Understanding the Risks
When exploring AI tools, ESG investors should consider potential risks, including data privacy and security. Since AI models require a wide range of data that could include personally identifiable and sensitive information, there are concerns that AI can be used to track private behavior, which could even become publicly accessible through reverse engineering.

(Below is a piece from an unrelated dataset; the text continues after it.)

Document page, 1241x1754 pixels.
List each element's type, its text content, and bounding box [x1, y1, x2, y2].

There are also risks related to the potential lack of reliability and accountability from AI-generated information. Despite the flurry of publicity surrounding generative AI, information generated from large language models may not be accurate, or transparent in its sourcing. Without safeguards ensuring transparency and accountability, AI tools could be used to spread discriminatory language or even promote misinformation that harms the integrity of the global financial system. Necessary safeguard mechanisms include outlining clear responsibility for the outcomes of models and data, as well as the ability and willingness to share models’ logic and outputs. Bias can also creep into the system. If training data is not representative of a population and is tainted by algorithmic or human biases, the output data may be biased too.

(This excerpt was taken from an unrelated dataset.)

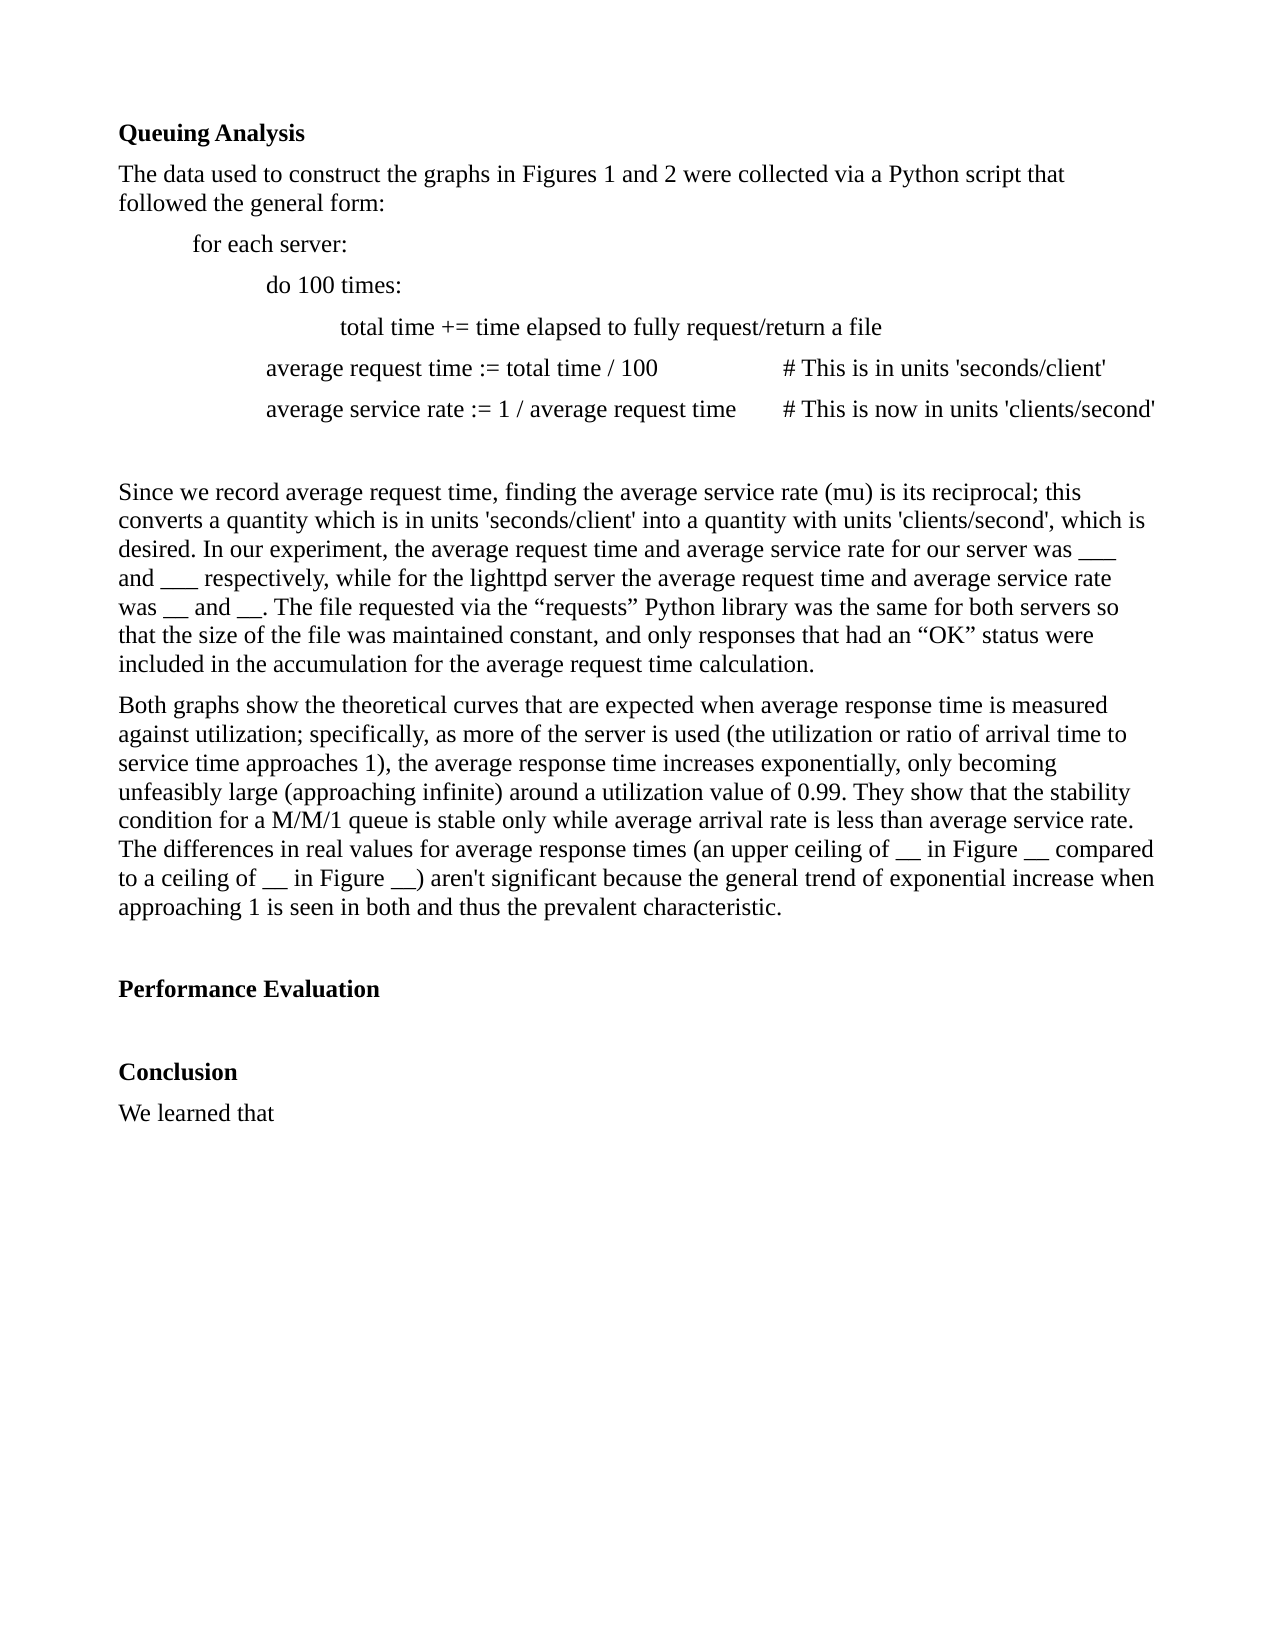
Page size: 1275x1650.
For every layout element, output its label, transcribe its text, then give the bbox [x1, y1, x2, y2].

Regulation will be important in helping reduce these risks. “Governments are starting to craft legislation on the use of the technology, albeit at a much slower pace than the innovation and development of AI models and use cases,” says Jamie Martin, Head of Morgan Stanley’s EMEA Sustainability Office. “Leading the charge is the European Union, which is close to passing one of the world's first laws4 governing artificial intelligence. Proponents of the EU legislation expect it to lead the way for other global governing bodies to follow.”
Questions for Investors
Investors should consider the following questions when assessing AI tools for sustainable investing:
1) What problem is AI trying to solve? “Being clear on the problem statement and the market size of the opportunity that is being addressed is paramount,” says Sanghamitra Karra, Head of EMEA Inclusive Ventures Group at Morgan Stanley. “What is interesting and unique about the design and execution of the AI solution to solve this problem?”
2) What data sets are being used? An AI algorithm is only as good as the data used. Establish what data is available, what the unique advantages of the specific data set might be, and why the AI solution or company has the right to that data. Additionally, understand if the developers have already done the work to understand any bias in the data and address them when designing the tool.
3) What data and model governance mechanisms are in place? Confirm that strong controls ensure safety and ethics. Reported and tracked instances of AI misuse has increased by 26 times since 2012.5 Extra safeguards are needed for solutions in areas of special risk to society, such as healthcare, education, critical infrastructure, administration of justice and the use of sensitive personal data.
4) Why is this company the right owner of this solution? “Investors should be wary of a company that describes itself as an AI firm for sustainability or sustainable investing but has an insufficient AI background or technical ability and experience to build solutions,” Karra says. AI-powered solutions for sustainable investing should demonstrate the ability to scale with the proper management team.